To prepare 5 mL of 1 mM glucose, how much glucose would you need to weigh? How do you prepare
1 mL of 1 mM NaCl using the NaCl solution you prepared in
I get you would use c=n/v and get grams. But how would you answer the second part of the question?
SOrry this was the first part of the question
To prepare 20 mL of 15 mM NaCl, how much NaCl would you need to weigh
I got 0.021915g
To prepare 5 mL of 1 mM glucose, we need to calculate the amount of glucose we should weigh.
First, let's understand the meaning of 1 mM. "M" stands for molar, which is a measure of concentration, and "m" stands for milli, which means one-thousandth.
To calculate the amount of glucose needed, we need to know the molecular weight of glucose.
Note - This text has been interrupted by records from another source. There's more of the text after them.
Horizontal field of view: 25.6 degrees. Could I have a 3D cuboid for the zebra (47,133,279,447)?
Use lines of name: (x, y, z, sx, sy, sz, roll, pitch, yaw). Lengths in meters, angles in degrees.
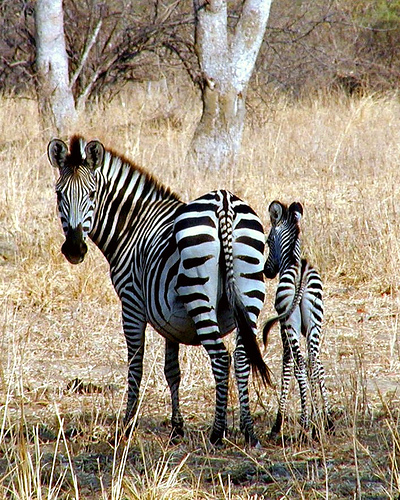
zebra: (-0.247, 0.186, 4.710, 1.282, 1.718, 0.461, 7, 11, 33)
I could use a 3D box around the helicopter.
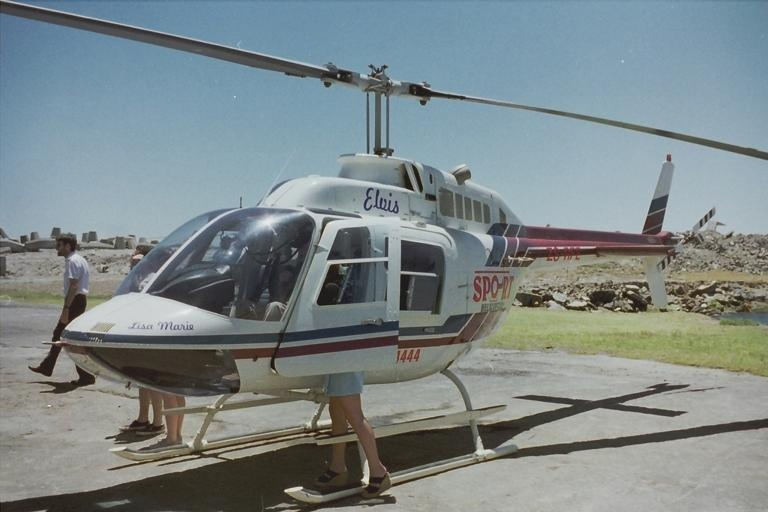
[{"bbox_3d":[-0.028,0.163,9.108,8.176,2.603,7.119,7,-7,-44],"label":"helicopter"}]

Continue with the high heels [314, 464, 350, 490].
[{"bbox_3d":[-0.539,2.581,6.814,0.500,0.154,0.194,12,-16,-41],"label":"high heels"}]

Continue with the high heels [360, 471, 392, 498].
[{"bbox_3d":[-0.039,2.589,6.690,0.406,0.113,0.193,-14,4,-31],"label":"high heels"}]

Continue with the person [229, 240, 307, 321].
[{"bbox_3d":[-1.227,0.256,6.612,0.703,0.917,0.457,9,-1,-11],"label":"person"}]
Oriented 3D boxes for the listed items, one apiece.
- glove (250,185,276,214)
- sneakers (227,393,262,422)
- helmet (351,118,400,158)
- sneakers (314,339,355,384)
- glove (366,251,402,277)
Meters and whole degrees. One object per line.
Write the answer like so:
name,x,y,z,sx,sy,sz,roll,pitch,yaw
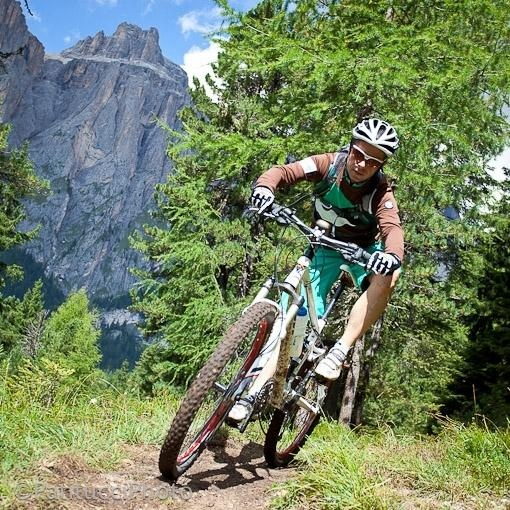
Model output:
glove,0.060,-0.426,3.927,0.180,0.250,0.168,11,-9,-1
sneakers,-0.082,1.085,3.629,0.135,0.201,0.058,7,-51,21
helmet,1.011,-0.980,4.172,0.371,0.314,0.184,9,-9,6
sneakers,0.640,0.834,4.138,0.202,0.228,0.567,30,19,3
glove,0.992,0.064,3.761,0.239,0.169,0.103,17,17,-6
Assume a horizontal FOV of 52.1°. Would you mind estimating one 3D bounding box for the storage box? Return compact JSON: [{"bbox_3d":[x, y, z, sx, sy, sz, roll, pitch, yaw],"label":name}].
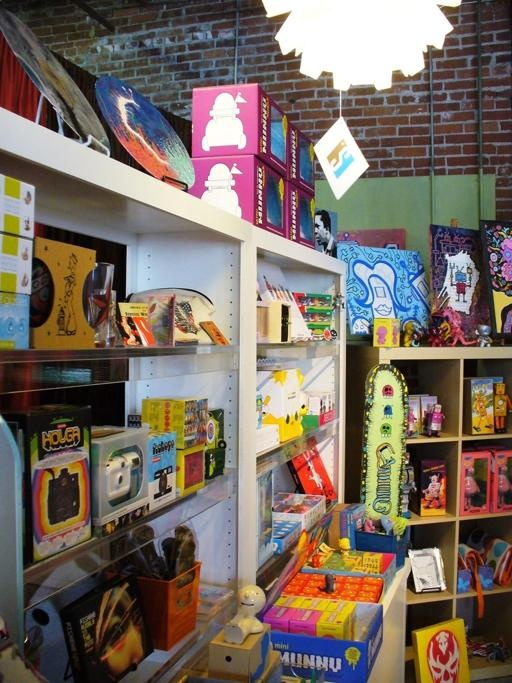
[{"bbox_3d":[-0.072,-0.800,1.923,0.225,0.234,0.466,1,21,7],"label":"storage box"}]

Let's assume the molecular weight of glucose is 180 g/mol.
Step 1: Convert the desired concentration from millimolar (mM) to molar (M).
1 mM = 0.001 M
Step 2: Use the formula c = n/v to calculate the number of moles (n) of glucose needed.
0.001 M = n / 0.005 L
n = 0.001 * 0.005 = 0.000005 moles
Step 3: Convert moles to grams using the molecular weight.
0.000005 moles * 180 g/mol = 0.0009 grams or 0.9 mg of glucose.
So, to prepare 5 mL of 1 mM glucose, you would need to weigh 0.9 mg of glucose.
Regarding the second part of your question, let's prepare 1 mL of 1 mM NaCl using the NaCl solution you prepared.
Assuming you have prepared a certain volume of a specific concentration NaCl solution, let's say you have prepared a 1 M NaCl stock solution.
Step 1: Calculate the volume of the stock solution required to prepare 1 mL of 1 mM NaCl solution using the formula c1v1 = c2v2, where c1 and v1 are the concentration and volume of the stock solution, and c2 and v2 are the desired concentration and volume of the final solution, respectively.
Here, c1 = 1 M, v1 is unknown, c2 = 0.001 M, and v2 = 1 mL.
1 M x v1 = 0.001 M x 1 mL
v1 = (0.001 M x 1 mL) / 1 M
v1 = 0.001 mL or 1 μL
So, to prepare 1 mL of 1 mM NaCl solution using the NaCl stock solution, you would need to take 1 μL of the stock solution and dilute it with water or an appropriate solvent to reach a final volume of 1 mL.